Светлый фон

С почтительной благодарностью вспоминал он своего учителя Куинджи – одного из виднейших передвижников, которого настойчиво приглашали в «Мир искусства», и сам он колебался, не вступить ли в эту группу, возникшую для борьбы и на смену передвижничеству. «Да ведь и у меня этот неистовый Дягилев силком отобрал незаконченную картину „Город строят“ и, сколько я ни убеждал, упрямо отвечал: „Ни одного мазка больше. Долой академизм!“ И картина произвела фурор».

Когда мы ближе познакомились, он все чаще стал заговаривать о таинственных силах, неосновательно отвергаемых цивилизацией, о достижениях древних культур, бесследно исчезнувших, о телепатии, случаи которой, как нарочно, обнаружились и в наших отношениях, и, наконец, признался в своей привязанности к теософии и заявил, что, если бы не дети, они с женой охотно переехали бы в Индию, в теософскую общину. Я не очень этому поверил, а оказалось, что он действительно направился в Индию, побывал и в Тибете и взял с собой и сыновей, тогда прелестных, многообещающих мальчиков, преклонявшихся перед отцом.

Его художественное творчество, необычайно плодовитое, явственно отражало теософскую устремленность. Таинственные зовы, беспокойное томление, безответное моление о чуде и дерзостное утверждение чуда звучат и веят с бесчисленных полотен. Ему не годятся масляные краски, прельщающие прозрачностью и блеском, а потому он вернулся к средневековой темпере, придающей строгость и суровость вызывающим загадкам. Ему и «натура» не нужна была, между отвлеченностью и реальностью для него не существовало грани. Я понимал, что не мог бы так поддаться впечатлению рериховского творчества, если бы смотрел на его картины в нормальной обстановке, поглощенный своим делом, прикованный к минутным благам жизни привычкой и средой. Но ведь это не значит, что самих загадок не было, а лишь то, что, не случись катастрофы, выбросившей из колеи и лишившей всего, что обольщало, я продолжал бы «пить из чаши бытия с закрытыми глазами».

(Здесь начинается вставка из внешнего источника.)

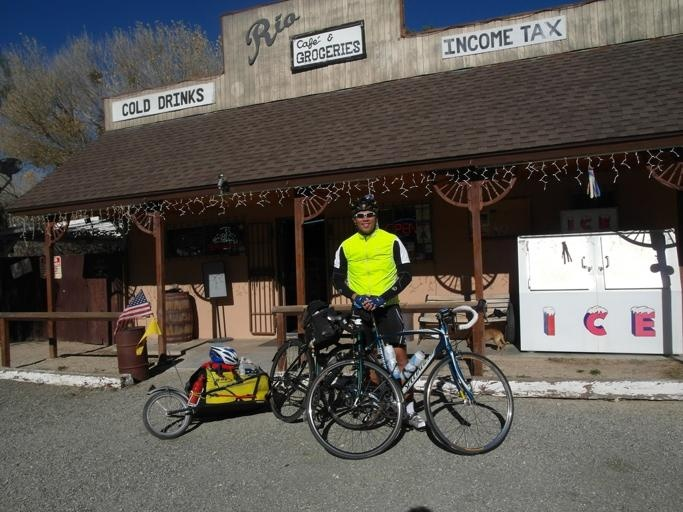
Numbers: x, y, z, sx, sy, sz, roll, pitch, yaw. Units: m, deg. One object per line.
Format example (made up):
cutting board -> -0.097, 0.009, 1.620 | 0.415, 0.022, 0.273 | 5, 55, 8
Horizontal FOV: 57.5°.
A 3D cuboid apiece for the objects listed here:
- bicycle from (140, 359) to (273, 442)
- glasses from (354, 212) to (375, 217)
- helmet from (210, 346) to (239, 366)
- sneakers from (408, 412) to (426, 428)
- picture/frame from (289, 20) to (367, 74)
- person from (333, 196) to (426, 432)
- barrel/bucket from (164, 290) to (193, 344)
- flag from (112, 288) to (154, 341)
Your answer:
bicycle -> -1.755, 1.823, 8.455 | 1.922, 1.126, 0.753 | -12, -2, -17
glasses -> 0.291, -0.504, 7.647 | 0.232, 0.066, 0.079 | -5, 0, 2
helmet -> -1.529, 1.284, 8.114 | 0.301, 0.183, 0.227 | 1, 0, 3
sneakers -> 0.899, 1.974, 7.463 | 0.214, 0.199, 0.165 | -4, 0, 20
picture/frame -> -0.274, -4.374, 12.945 | 1.642, 0.058, 0.866 | -16, -34, -13
person -> 0.444, 0.700, 7.881 | 0.836, 2.936, 0.737 | 2, 16, 32
barrel/bucket -> -3.279, 1.230, 12.615 | 0.719, 1.222, 0.821 | 0, -3, -6
flag -> -3.135, 0.792, 9.466 | 0.468, 0.601, 0.286 | -9, -18, -34
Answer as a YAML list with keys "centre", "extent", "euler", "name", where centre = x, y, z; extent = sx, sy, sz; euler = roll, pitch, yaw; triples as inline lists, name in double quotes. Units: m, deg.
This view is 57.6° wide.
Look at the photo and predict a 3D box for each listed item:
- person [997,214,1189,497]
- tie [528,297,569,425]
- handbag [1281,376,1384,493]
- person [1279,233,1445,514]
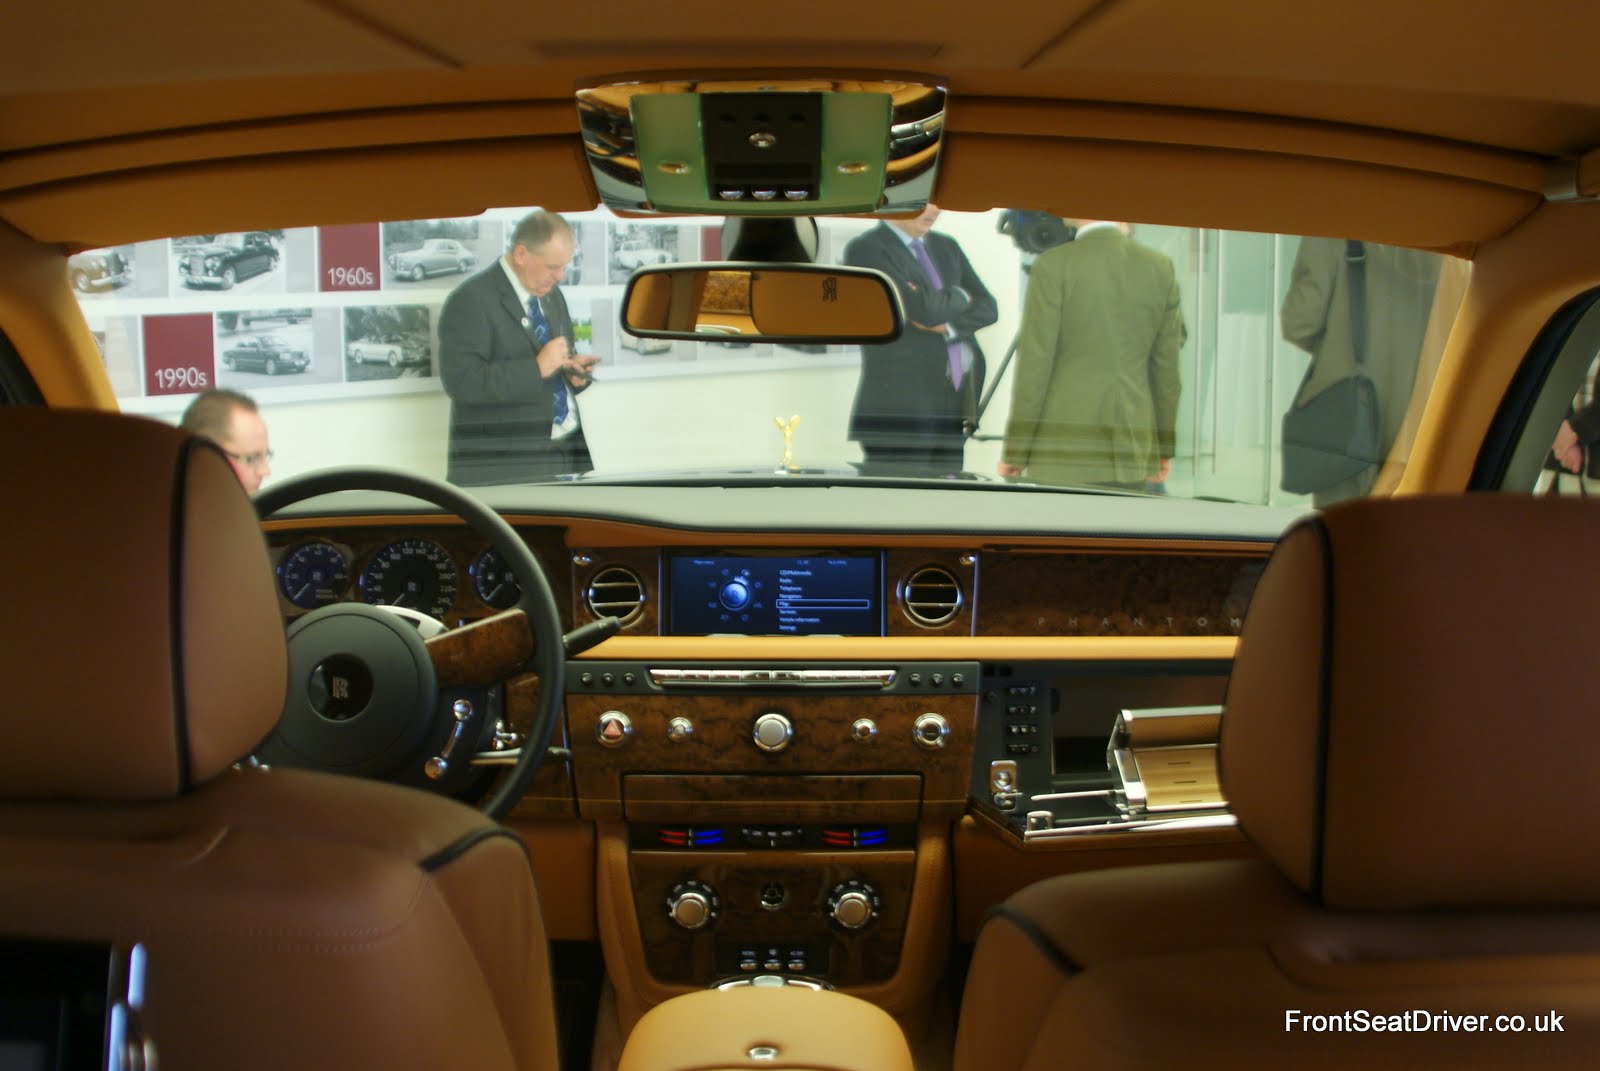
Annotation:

Мы начали совместные прогулки в середине января, при 25 градусах мороза, среди зимней чуткой тишины, нарушаемой лишь унылым похоронным церковным звоном, все учащавшимся по мере увеличения числа раненых в больнице, и мерили версты во всех направлениях, захаживали в подгородный монастырь, где приветливо встречали и сердечно беседовали симпатичные монахи.

Как-то незаметно подкралась весна и сразу бурно вступила в свои права, нас вдруг поразил странный задорно-веселый шум, все кругом торопливо заговорило, неистово защебетали воробьи, зажурчали ручейки, отовсюду капало, таял и млел тяжелый снежный покров, и в душе бурлила светлая тревога, заставлявшая ускорять шаги навстречу чему-то неизведанно радостному – только бы не упустить его. Закоснелый горожанин, я впервые переживал весну на лоне природы, но, что было мне непонятно, и Рерих никогда не видел ее вне каменных стен.